__REQUIREMENT__
Using the records below, write out again exactly the lines that begin at the line containing "Produce one 3D" and end at the line containing "#6 handbag <box>83,39,159,177</box>", and no other lines.

__DATASET RECORDS__

□ □ □ □

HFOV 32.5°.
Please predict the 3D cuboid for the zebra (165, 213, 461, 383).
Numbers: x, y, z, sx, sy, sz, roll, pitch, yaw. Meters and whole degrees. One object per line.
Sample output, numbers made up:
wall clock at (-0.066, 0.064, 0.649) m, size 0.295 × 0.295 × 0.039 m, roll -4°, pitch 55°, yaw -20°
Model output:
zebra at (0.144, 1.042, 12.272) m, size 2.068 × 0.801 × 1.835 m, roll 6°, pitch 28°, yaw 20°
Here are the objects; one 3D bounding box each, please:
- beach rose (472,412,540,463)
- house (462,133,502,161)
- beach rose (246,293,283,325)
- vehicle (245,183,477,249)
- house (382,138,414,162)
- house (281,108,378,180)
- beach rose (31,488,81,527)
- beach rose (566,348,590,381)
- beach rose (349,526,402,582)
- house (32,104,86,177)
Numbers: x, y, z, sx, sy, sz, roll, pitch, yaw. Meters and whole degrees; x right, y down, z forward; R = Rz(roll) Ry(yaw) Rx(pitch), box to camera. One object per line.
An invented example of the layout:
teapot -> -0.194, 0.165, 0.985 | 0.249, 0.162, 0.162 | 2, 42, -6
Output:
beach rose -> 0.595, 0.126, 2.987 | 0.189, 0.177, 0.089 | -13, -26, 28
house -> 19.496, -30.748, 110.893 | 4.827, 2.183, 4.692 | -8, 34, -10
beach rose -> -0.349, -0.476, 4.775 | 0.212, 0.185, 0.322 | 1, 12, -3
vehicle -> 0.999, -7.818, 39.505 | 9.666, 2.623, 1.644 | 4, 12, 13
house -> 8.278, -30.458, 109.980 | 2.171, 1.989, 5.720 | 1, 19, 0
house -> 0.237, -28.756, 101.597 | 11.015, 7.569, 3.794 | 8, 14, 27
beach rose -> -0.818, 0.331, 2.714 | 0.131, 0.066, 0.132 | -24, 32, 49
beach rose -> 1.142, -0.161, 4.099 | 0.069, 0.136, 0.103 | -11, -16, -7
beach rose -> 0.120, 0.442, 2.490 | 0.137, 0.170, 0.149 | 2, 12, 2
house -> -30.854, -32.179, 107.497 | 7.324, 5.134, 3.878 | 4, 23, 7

□ □ □ □

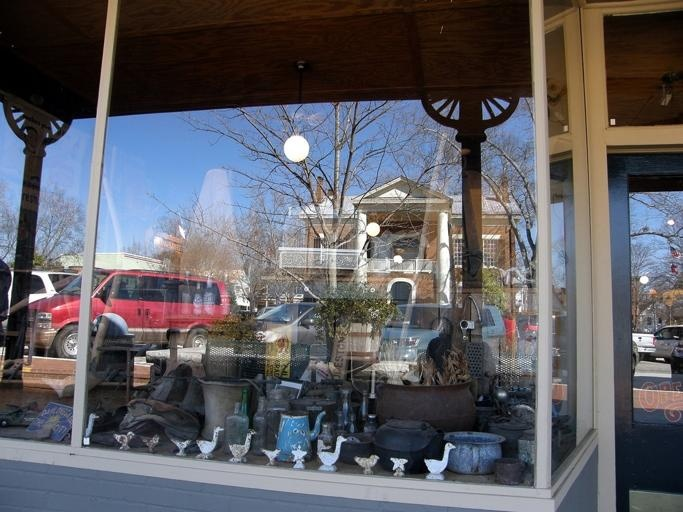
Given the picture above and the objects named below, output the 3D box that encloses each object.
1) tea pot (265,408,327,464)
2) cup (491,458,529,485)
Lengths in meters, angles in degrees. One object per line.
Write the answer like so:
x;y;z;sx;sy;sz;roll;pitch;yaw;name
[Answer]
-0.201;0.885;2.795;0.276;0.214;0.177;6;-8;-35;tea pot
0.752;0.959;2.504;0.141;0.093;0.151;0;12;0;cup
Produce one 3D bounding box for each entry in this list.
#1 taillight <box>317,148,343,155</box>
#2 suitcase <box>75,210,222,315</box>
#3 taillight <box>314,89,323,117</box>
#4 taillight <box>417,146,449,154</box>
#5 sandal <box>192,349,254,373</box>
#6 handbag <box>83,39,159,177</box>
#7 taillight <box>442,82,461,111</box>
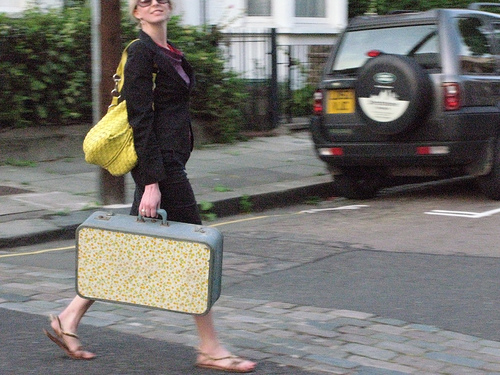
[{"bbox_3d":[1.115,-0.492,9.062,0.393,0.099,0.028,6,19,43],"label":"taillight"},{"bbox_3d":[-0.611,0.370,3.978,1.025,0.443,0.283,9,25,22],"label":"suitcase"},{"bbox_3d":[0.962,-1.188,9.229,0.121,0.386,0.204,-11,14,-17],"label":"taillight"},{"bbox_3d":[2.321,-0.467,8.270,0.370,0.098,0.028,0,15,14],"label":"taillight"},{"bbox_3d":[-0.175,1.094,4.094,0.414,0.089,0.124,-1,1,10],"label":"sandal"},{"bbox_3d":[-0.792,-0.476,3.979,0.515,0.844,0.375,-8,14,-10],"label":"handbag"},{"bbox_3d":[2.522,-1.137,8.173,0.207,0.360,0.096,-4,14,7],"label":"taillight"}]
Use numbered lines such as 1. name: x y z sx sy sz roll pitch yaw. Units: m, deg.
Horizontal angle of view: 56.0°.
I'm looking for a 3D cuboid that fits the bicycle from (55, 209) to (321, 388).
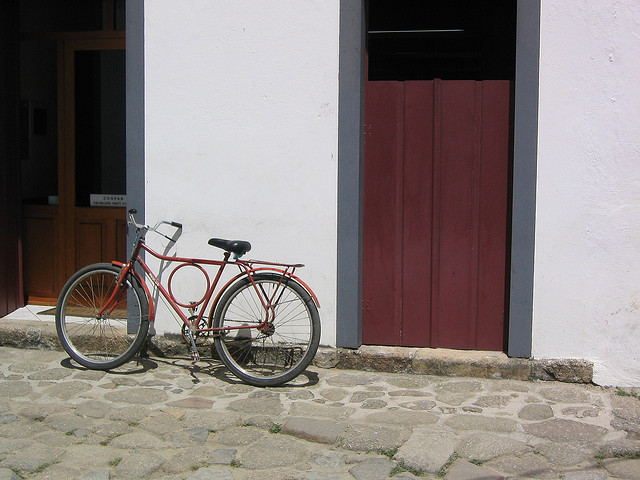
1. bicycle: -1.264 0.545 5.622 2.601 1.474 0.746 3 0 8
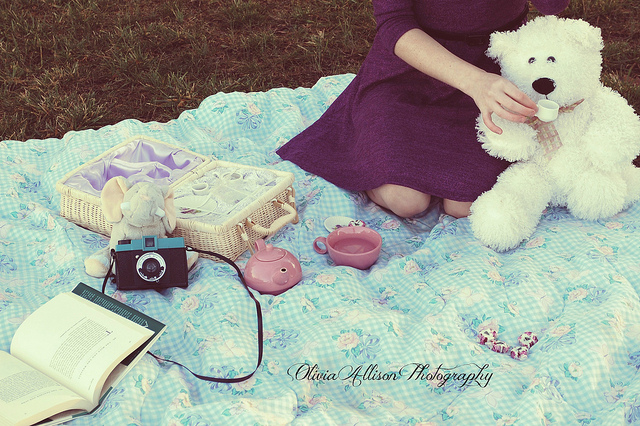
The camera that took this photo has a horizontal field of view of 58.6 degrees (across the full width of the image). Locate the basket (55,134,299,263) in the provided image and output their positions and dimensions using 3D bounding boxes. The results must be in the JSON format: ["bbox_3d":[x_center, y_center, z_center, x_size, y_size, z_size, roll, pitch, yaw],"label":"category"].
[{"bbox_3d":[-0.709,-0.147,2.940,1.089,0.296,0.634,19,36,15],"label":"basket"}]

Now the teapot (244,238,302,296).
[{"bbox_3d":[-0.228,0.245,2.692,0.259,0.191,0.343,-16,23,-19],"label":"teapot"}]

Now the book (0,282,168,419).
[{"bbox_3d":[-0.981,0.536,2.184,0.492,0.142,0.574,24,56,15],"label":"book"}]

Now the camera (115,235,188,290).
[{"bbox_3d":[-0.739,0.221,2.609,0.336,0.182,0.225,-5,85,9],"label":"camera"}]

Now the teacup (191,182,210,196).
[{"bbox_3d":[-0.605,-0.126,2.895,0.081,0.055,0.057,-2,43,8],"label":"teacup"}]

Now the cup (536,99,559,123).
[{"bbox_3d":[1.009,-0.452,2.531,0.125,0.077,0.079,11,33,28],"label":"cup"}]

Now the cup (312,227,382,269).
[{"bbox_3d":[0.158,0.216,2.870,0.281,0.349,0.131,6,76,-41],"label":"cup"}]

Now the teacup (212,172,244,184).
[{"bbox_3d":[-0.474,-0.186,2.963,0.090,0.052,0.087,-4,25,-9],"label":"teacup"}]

□ □ □ □

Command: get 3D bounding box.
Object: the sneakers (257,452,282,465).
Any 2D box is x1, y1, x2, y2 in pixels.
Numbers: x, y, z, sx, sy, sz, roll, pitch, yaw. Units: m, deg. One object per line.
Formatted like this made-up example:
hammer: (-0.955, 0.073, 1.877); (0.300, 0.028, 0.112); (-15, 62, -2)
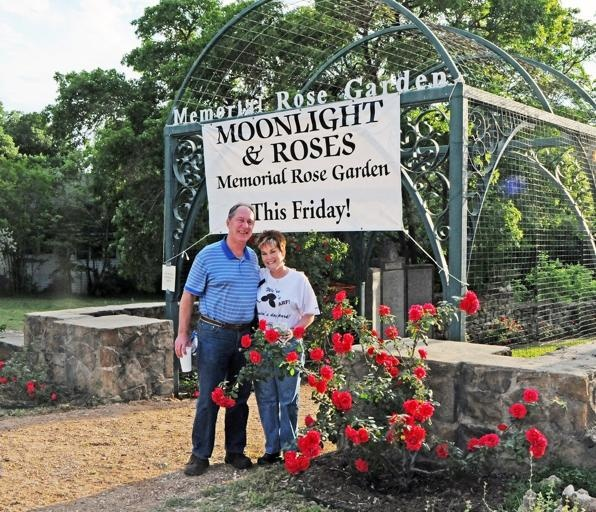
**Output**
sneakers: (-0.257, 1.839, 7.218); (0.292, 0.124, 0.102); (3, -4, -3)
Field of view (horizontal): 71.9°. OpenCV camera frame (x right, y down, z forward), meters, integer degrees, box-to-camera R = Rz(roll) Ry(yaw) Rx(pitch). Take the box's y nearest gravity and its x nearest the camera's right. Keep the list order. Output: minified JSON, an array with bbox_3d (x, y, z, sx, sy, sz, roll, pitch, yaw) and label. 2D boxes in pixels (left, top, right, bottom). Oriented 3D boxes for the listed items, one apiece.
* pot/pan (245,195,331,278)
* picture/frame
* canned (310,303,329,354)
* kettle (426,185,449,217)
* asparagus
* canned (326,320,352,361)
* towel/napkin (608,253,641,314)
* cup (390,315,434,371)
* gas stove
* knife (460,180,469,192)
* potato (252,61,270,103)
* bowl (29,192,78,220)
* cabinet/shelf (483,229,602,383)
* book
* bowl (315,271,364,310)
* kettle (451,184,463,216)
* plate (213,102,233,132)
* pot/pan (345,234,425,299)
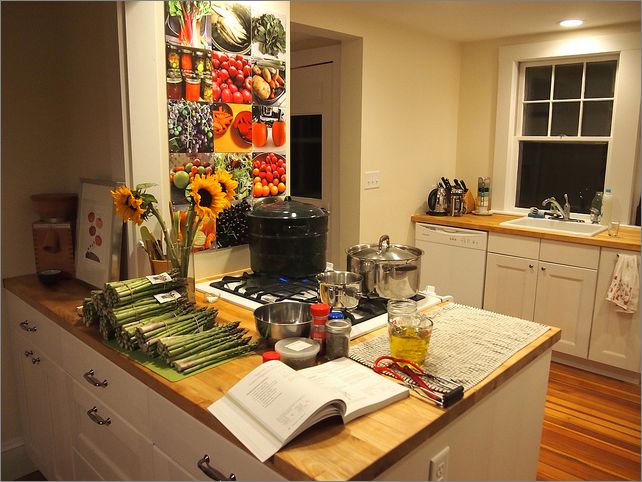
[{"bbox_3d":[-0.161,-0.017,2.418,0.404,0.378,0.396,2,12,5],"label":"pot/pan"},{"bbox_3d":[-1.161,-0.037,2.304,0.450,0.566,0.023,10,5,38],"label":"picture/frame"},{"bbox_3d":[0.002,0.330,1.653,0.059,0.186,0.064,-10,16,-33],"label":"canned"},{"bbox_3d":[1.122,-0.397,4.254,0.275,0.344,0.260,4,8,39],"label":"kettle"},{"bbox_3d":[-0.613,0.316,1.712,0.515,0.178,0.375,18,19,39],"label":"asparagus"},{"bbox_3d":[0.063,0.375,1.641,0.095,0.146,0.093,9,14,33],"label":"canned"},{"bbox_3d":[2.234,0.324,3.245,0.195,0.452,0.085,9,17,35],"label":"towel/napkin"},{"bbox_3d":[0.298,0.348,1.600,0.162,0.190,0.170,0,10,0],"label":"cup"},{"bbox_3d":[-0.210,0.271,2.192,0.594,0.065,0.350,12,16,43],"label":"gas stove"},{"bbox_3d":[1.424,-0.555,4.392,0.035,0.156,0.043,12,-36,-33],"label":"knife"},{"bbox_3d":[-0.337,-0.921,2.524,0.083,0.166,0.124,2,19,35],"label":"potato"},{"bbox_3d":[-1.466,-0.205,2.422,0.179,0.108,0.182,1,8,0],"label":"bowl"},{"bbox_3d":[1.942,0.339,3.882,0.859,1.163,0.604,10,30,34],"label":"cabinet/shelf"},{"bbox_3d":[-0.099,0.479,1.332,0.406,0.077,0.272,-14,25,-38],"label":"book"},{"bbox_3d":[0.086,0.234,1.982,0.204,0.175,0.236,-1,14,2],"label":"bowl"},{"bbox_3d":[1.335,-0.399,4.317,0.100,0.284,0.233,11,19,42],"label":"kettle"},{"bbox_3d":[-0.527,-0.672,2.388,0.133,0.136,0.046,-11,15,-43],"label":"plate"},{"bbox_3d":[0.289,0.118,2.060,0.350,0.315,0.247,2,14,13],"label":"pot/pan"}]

□ □ □ □

__THE COMPLETED TASK__
Produce one 3D bounding box for each entry in this list.
#1 taillight <box>317,148,343,155</box>
#2 suitcase <box>75,210,222,315</box>
#3 taillight <box>314,89,323,117</box>
#4 taillight <box>417,146,449,154</box>
#5 sandal <box>192,349,254,373</box>
#6 handbag <box>83,39,159,177</box>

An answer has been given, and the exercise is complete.